To enhance the capabilities of SIDS Member States to address the social, cultural, legal and ethical implications of the progress of life sciences under the framework of the Universal Declaration of Bioethics and Human Rights, as well as to design and implement ethically-informed policies.
- Encourage the ratification and the promotion of the International Convention against Doping in Sport.
- Provide support to SIDS countries to enhance intercultural competencies and respond to cultural barriers to gender equality in appropriate ways.
- In the field of physical education, sports and anti-doping, 20 out of 24 countries in the Pacific region still do not have a sport policy. Following a workshop organized by UNESCO in 2015, UNESCO, along with the Organization of Oceanic National Olympic Committees (ONOC), developed the Pacific Sport Compass initiative that was officially endorsed by the fourth meeting of Pacific Ministers of Sport in Port Moresby, Papua New Guinea, in July 2015. The initiative is being successfully implemented in the region.

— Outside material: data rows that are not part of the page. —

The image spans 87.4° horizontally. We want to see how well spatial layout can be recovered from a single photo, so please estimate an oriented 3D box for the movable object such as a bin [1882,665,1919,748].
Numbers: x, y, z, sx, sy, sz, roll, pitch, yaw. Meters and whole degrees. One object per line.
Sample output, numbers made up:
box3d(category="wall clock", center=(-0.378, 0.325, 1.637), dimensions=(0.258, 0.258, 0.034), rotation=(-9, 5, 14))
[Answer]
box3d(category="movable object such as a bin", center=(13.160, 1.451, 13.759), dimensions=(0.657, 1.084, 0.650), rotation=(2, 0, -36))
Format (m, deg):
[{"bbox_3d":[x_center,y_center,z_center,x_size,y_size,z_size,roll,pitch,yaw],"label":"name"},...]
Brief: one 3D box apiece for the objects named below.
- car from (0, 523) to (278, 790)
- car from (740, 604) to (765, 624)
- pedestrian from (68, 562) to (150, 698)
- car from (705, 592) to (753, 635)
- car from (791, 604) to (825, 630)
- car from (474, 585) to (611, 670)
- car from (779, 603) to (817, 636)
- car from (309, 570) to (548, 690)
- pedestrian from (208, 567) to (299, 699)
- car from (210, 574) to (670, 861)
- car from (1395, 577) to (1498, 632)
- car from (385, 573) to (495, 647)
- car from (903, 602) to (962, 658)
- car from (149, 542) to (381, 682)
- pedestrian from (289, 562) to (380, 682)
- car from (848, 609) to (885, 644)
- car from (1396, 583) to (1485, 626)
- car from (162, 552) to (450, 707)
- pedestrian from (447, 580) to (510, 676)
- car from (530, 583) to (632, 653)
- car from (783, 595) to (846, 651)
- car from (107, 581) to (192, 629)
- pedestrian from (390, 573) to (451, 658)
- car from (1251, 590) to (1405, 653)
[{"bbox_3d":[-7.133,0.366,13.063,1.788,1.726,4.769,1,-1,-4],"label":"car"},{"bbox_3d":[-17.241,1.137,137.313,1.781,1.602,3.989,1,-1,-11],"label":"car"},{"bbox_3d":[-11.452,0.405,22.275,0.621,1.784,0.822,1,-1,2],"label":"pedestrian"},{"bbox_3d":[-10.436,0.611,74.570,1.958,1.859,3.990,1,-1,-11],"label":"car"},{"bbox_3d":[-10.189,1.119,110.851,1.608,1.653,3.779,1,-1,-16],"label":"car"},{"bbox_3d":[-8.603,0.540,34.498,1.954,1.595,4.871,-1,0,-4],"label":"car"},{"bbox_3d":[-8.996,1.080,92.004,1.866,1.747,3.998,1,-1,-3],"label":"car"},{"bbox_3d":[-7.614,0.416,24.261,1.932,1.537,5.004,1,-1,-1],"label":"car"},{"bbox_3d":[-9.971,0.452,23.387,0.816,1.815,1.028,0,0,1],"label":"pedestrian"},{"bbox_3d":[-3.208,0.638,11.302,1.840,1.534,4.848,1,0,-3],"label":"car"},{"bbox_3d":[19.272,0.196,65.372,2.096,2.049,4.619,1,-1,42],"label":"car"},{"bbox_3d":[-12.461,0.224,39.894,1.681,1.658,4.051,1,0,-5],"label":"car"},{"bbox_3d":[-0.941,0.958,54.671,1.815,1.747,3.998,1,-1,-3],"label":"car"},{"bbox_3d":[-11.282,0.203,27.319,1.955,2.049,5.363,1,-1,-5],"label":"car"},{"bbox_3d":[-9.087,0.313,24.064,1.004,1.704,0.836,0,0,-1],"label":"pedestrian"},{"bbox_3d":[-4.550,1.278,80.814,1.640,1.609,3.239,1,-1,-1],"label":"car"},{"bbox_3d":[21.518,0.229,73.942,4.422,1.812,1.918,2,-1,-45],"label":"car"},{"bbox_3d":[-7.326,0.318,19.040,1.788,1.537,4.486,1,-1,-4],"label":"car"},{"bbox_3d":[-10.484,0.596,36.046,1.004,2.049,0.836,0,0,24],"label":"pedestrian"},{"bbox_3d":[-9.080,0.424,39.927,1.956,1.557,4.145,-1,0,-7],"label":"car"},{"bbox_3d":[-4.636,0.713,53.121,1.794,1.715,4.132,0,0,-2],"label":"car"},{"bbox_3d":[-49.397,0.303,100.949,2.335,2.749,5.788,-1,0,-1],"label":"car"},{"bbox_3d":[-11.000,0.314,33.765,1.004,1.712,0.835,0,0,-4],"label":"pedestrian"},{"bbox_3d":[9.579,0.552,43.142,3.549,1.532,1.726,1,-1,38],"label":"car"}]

- The Pacific Sport Compass provides a structured process to build the partnership between sport stakeholders and the wider development community to ensure that sport makes an active contribution to the wellbeing of the Pacific peoples and the implementation of SDGs in the region. The Pacific Islands Forum Secretariat secured some seed funding and prepared a proposal for the European Union to support the initiative.
- Fiji is one of the five pilot countries in which the UNESCO Quality Physical Education Guidelines for Policy Makers are being rolled out and tested in cooperation between UNESCO, WHO, the National Olympic Committee, and the Ministry of Education.
- In the framework of the implementation of the International Convention against Doping in Sport, in 2016, the Bahamas, Barbados, Cuba, Grenada, Guyana and Singapore implemented projects with the support of the Anti-Doping Fund to strengthen national and regional capacities in the fight against doping. In November 2016, the Fund’s Approval Committee approved initiatives submitted by the Bahamas, Fiji and Jamaica, to be implemented in 2017.
To enhance the role of cultural institutions and intercultural dialogue in the context of public policy debates and as a vehicle to facilitate the contribution of SIDS to the International Decade for the Rapprochement of Cultures and in accordance to the United Nations Declaration on the Rights of Indigenous Peoples.
- Organize bioethics training activities in the three SIDS groupings.